Goal of the exercise:
Without including any images, please transcribe all the lines below exactly.

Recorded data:
-- -- --

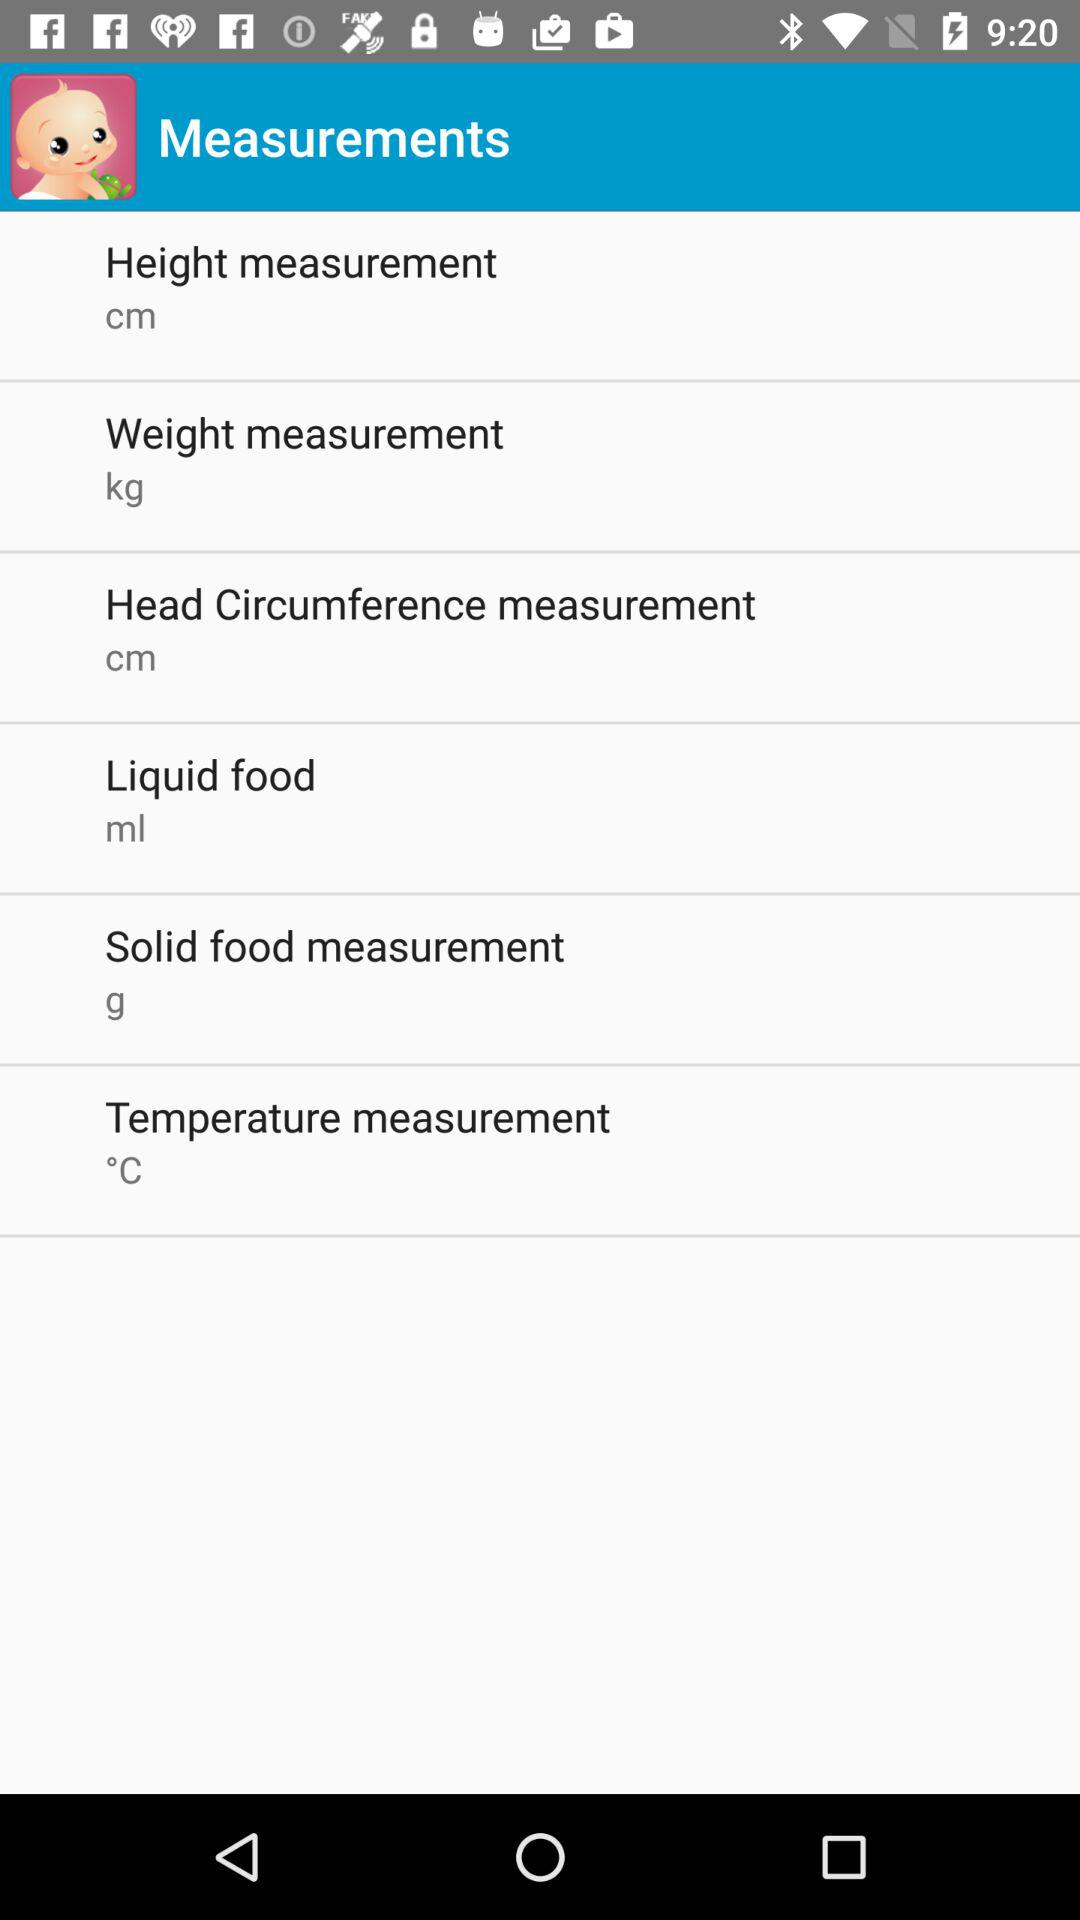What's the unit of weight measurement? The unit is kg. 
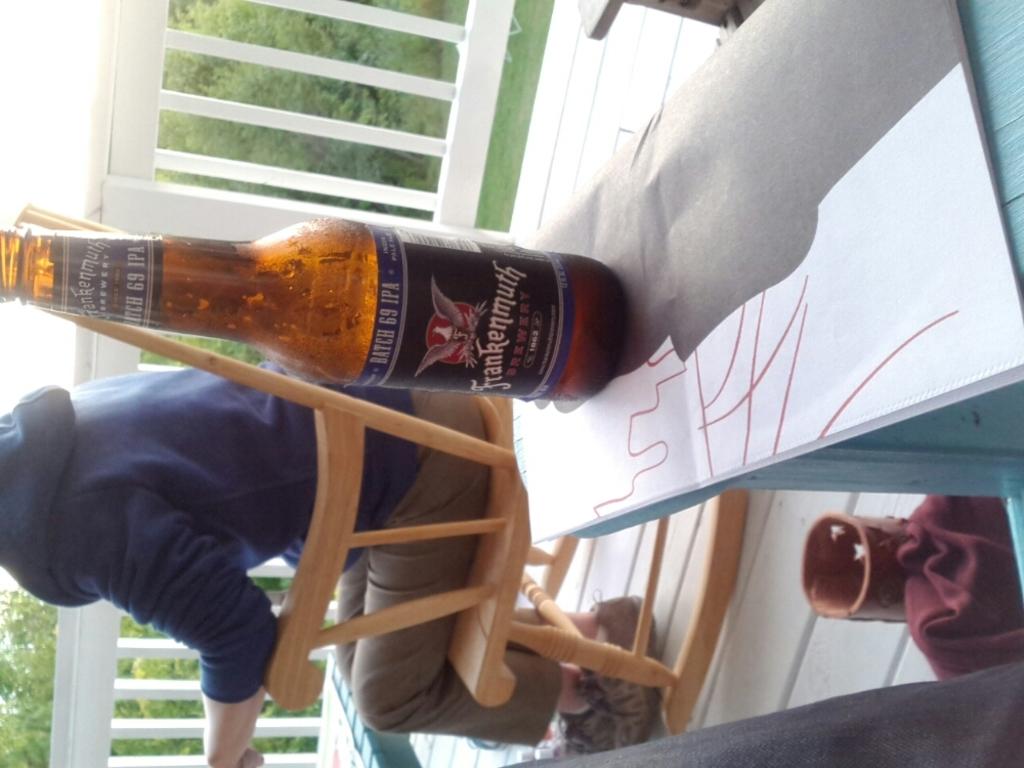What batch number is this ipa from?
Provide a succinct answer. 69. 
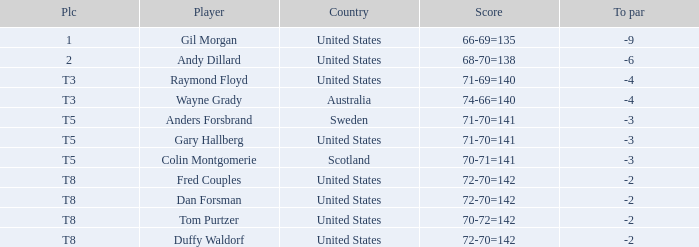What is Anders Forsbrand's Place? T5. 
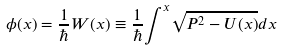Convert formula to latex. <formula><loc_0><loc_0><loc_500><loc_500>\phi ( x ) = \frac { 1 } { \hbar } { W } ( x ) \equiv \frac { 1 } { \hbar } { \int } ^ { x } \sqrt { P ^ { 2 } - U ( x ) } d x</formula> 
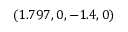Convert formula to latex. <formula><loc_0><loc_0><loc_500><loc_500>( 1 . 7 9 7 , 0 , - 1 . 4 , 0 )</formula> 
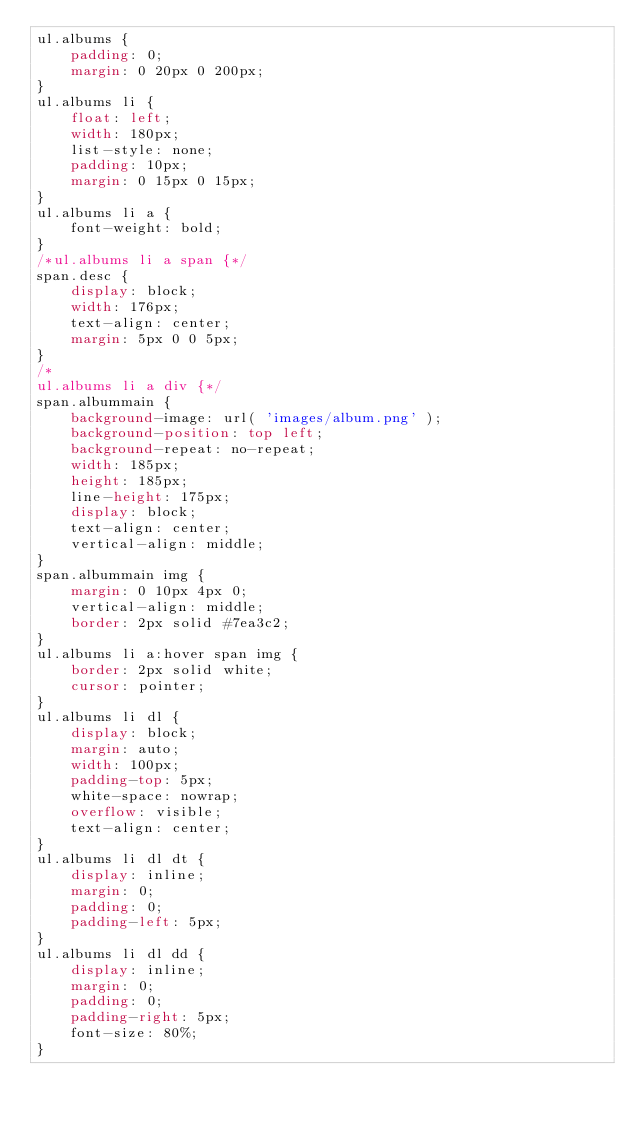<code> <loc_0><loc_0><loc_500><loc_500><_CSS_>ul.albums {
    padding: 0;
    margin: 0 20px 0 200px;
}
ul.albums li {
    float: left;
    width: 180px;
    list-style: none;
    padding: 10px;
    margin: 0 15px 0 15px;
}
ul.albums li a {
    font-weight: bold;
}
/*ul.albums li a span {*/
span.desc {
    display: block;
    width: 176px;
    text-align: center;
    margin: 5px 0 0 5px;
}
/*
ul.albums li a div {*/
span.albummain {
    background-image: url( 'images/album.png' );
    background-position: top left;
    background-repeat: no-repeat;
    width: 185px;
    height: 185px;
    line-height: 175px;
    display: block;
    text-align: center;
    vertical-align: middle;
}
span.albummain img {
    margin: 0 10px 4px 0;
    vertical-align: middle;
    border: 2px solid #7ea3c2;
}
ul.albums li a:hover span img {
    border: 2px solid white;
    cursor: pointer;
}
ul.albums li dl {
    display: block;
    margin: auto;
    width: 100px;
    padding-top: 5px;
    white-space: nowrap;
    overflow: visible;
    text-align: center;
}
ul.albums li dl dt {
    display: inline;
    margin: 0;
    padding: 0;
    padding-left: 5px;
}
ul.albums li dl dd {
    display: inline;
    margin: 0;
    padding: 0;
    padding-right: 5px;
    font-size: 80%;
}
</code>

-- -- --

Answer box:
What's the unit of weight measurement? The unit is kg. 
What batch number is this ipa from?
Provide a succinct answer. 69. 
What is Anders Forsbrand's Place? T5. 
Convert formula to latex. <formula><loc_0><loc_0><loc_500><loc_500>\phi ( x ) = \frac { 1 } { \hbar } { W } ( x ) \equiv \frac { 1 } { \hbar } { \int } ^ { x } \sqrt { P ^ { 2 } - U ( x ) } d x</formula> 
Convert formula to latex. <formula><loc_0><loc_0><loc_500><loc_500>( 1 . 7 9 7 , 0 , - 1 . 4 , 0 )</formula> 
<code> <loc_0><loc_0><loc_500><loc_500><_CSS_>ul.albums {
    padding: 0;
    margin: 0 20px 0 200px;
}
ul.albums li {
    float: left;
    width: 180px;
    list-style: none;
    padding: 10px;
    margin: 0 15px 0 15px;
}
ul.albums li a {
    font-weight: bold;
}
/*ul.albums li a span {*/
span.desc {
    display: block;
    width: 176px;
    text-align: center;
    margin: 5px 0 0 5px;
}
/*
ul.albums li a div {*/
span.albummain {
    background-image: url( 'images/album.png' );
    background-position: top left;
    background-repeat: no-repeat;
    width: 185px;
    height: 185px;
    line-height: 175px;
    display: block;
    text-align: center;
    vertical-align: middle;
}
span.albummain img {
    margin: 0 10px 4px 0;
    vertical-align: middle;
    border: 2px solid #7ea3c2;
}
ul.albums li a:hover span img {
    border: 2px solid white;
    cursor: pointer;
}
ul.albums li dl {
    display: block;
    margin: auto;
    width: 100px;
    padding-top: 5px;
    white-space: nowrap;
    overflow: visible;
    text-align: center;
}
ul.albums li dl dt {
    display: inline;
    margin: 0;
    padding: 0;
    padding-left: 5px;
}
ul.albums li dl dd {
    display: inline;
    margin: 0;
    padding: 0;
    padding-right: 5px;
    font-size: 80%;
}
</code>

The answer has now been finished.